They didn’t have much of a problem finding musicians to compose tunes; Peter had deep connections to the New York music scene, and folks like Jarret were in need of something to occupy their time.
With Jarrett and a small group of furloughed Broadway composers, arrangers, and orchestrators to write the music, Dynascore’s technical team stumbled into a best-case scenario when it came to in-house talent. Who better to write pieces that evoke visual drama than those who are already paid to do it nightly?
The Human Problem
Human composers’ golden ears are really the key to Dynascore’s ultimate success. The historic problem with AI-based, or “algorithmically composed” music, according to Saatchi, was that it mostly attempted to teach software instruments to write music from scratch, rather than reinterpreting pieces that had already been written.
“Making music that actually resonates with people is a human problem, so you have to start with the people,” Saatchi says. “AI is the supercharger for the humans.”
In the early days of Dynascore, Saatchi and the team worked to develop a way of breaking down original music and out-of-copyright classics (think Grieg’s “Hall of the Mountain King”) into segments they call “morphones.” They’d teach the AI a song, then ask it to recompose something similar using the original song’s morphones as a guide. Afterwards, they’d ask the musicians to critique the AI’s composition.
Getting music to fit perfectly in a video isn’t as simple as chopping up existing songs in predictable ways. Organic transitions require a more thorough understanding of key, rhythm, and intensity, among other musical markers. As such, morphones don’t just indicate the speed and key of a song. They also indicate various other tonal and musical characteristics, all of which allow the AI to know which types of musical Lego blocks snap together in which ways.
After they developed the morphone system, the team would feed the AI songs and have it recompose them. It took a while before it was musically literate enough to make good choices.
“The AI would compose a piece, and the musicians would go, ‘That was bad,’” Saatchi says, chuckling at the simplicity of the test. “It gets that feedback and it learns from it, and it gets to the point where, suddenly, it creates coherent compositions.”
The AI soon became smart enough to fit transitions, fades, breaks, and other user-dictated timing shifts into each tune it wrote. The version of Dynascore that I witnessed reshaping the Moonlight Sonata was born.
Take a Load Off
Dynascore’s achievement represents a dramatic improvement to what’s historically been a cumbersome workflow.
“When you’re working as an editor or filmmaker, you spend so much time with the music, because you have to make it fit frame by frame,” says DiGiovanna, who has worked on everything from feature films to TV ads, “With Dynascore you can do it on the fly.”
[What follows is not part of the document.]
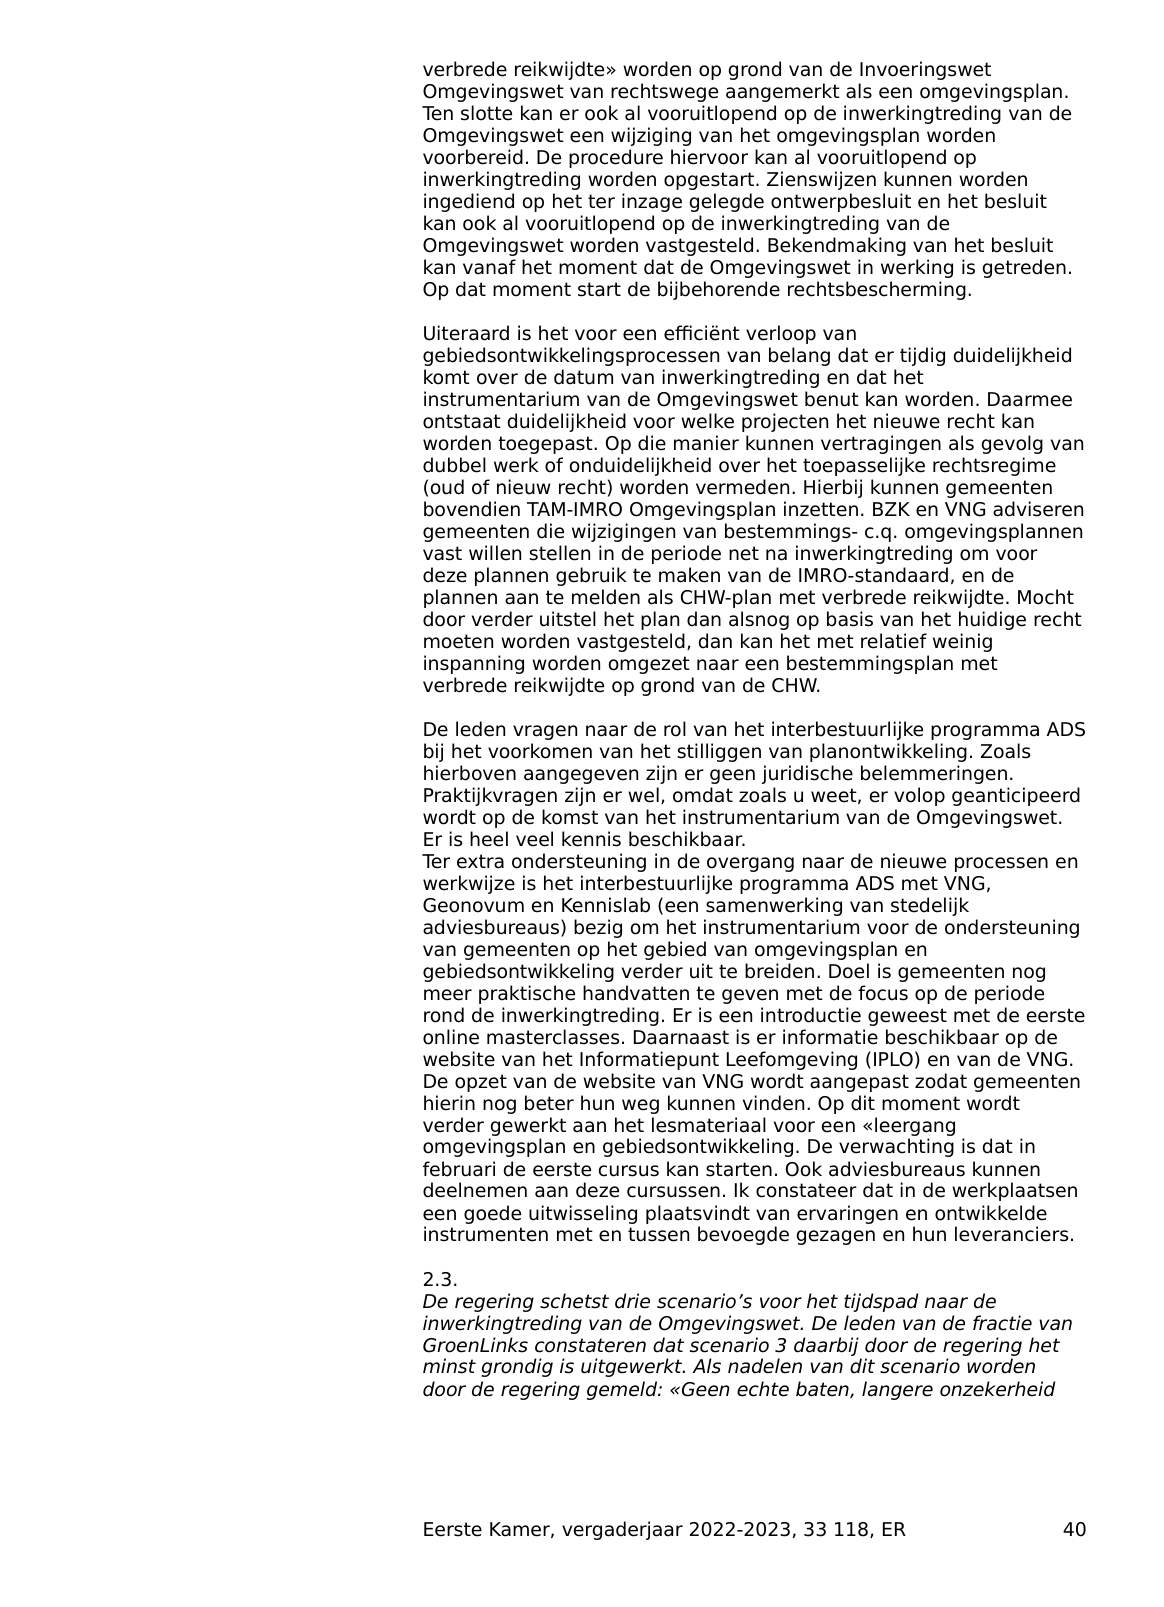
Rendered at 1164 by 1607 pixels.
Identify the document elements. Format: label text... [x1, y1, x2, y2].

A tool that enables dynamic musical composition is particularly useful when working on commercial projects where certain items might need to be cut down the line. DiGiovanna gives an example of a director who needs a purse removed from an ad he created.
“You have to remove five seconds of video, and now the ending of the song doesn’t work, the transition to the next song doesn’t work,” he says, “That’s when Dynascore is going to save me a lot of time.”